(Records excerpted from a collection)

^^^^^^^^^^^^^^^^

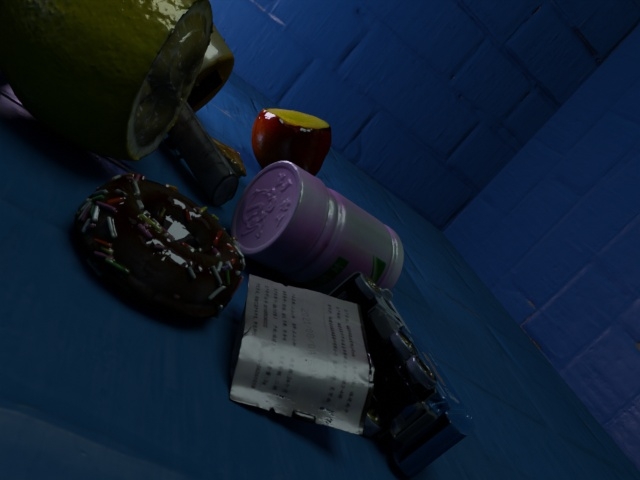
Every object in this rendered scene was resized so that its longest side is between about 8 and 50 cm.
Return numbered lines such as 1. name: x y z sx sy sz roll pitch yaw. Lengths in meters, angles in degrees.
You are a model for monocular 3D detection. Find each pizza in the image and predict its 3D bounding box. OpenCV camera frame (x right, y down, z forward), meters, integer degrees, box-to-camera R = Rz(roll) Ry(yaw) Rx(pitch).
1. pizza: -0.251 -0.209 1.537 0.161 0.062 0.182 38 8 14

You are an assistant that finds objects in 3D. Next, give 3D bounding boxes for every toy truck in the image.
1. toy truck: 0.119 0.224 1.045 0.175 0.146 0.367 39 15 -40

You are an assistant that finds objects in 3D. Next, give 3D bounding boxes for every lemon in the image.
1. lemon: -0.382 -0.333 1.022 0.364 0.364 0.364 38 15 -12

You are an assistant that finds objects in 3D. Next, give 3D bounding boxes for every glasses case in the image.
1. glasses case: -0.280 -0.219 1.313 0.060 0.114 0.299 -24 70 -31

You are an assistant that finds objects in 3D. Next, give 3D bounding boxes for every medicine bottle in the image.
1. medicine bottle: 0.000 0.000 1.249 0.325 0.212 0.212 31 18 -39

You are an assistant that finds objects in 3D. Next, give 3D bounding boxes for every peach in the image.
1. peach: -0.087 -0.293 1.832 0.274 0.249 0.245 -54 134 -81

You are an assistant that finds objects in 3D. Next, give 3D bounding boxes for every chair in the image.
1. chair: -0.337 -0.226 1.393 0.042 0.037 0.086 44 4 -45

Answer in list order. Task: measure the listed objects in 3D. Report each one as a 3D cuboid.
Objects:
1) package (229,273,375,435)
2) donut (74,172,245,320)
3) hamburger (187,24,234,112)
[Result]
1. package: -0.022 0.152 0.888 0.204 0.062 0.250 20 38 -15
2. donut: -0.226 0.004 0.882 0.270 0.103 0.269 38 17 -13
3. hamburger: -0.355 -0.432 1.500 0.179 0.276 0.294 48 1 -3
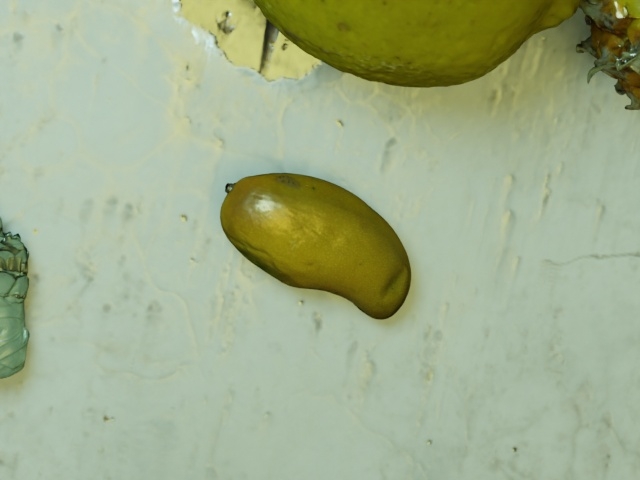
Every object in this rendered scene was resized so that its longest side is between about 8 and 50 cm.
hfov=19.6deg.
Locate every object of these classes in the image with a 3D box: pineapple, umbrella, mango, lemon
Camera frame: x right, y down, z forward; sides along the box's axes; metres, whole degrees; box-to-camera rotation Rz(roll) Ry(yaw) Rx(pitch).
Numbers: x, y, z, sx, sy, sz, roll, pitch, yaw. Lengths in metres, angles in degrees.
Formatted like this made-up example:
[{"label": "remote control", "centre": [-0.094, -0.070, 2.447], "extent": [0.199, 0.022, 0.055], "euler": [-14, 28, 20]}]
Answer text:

^^^^^^^^^^^^^^^^

*Task goal*. Output only the lines from the start of the data through the line that holds "Return numbered lines". Keep them exact and leave the pictures out.

*Answer box*.
Every object in this rendered scene was resized so that its longest side is between about 8 and 50 cm.
Return numbered lines such as 1. name: x y z sx sy sz roll pitch yaw. Lengths in meters, angles in degrees.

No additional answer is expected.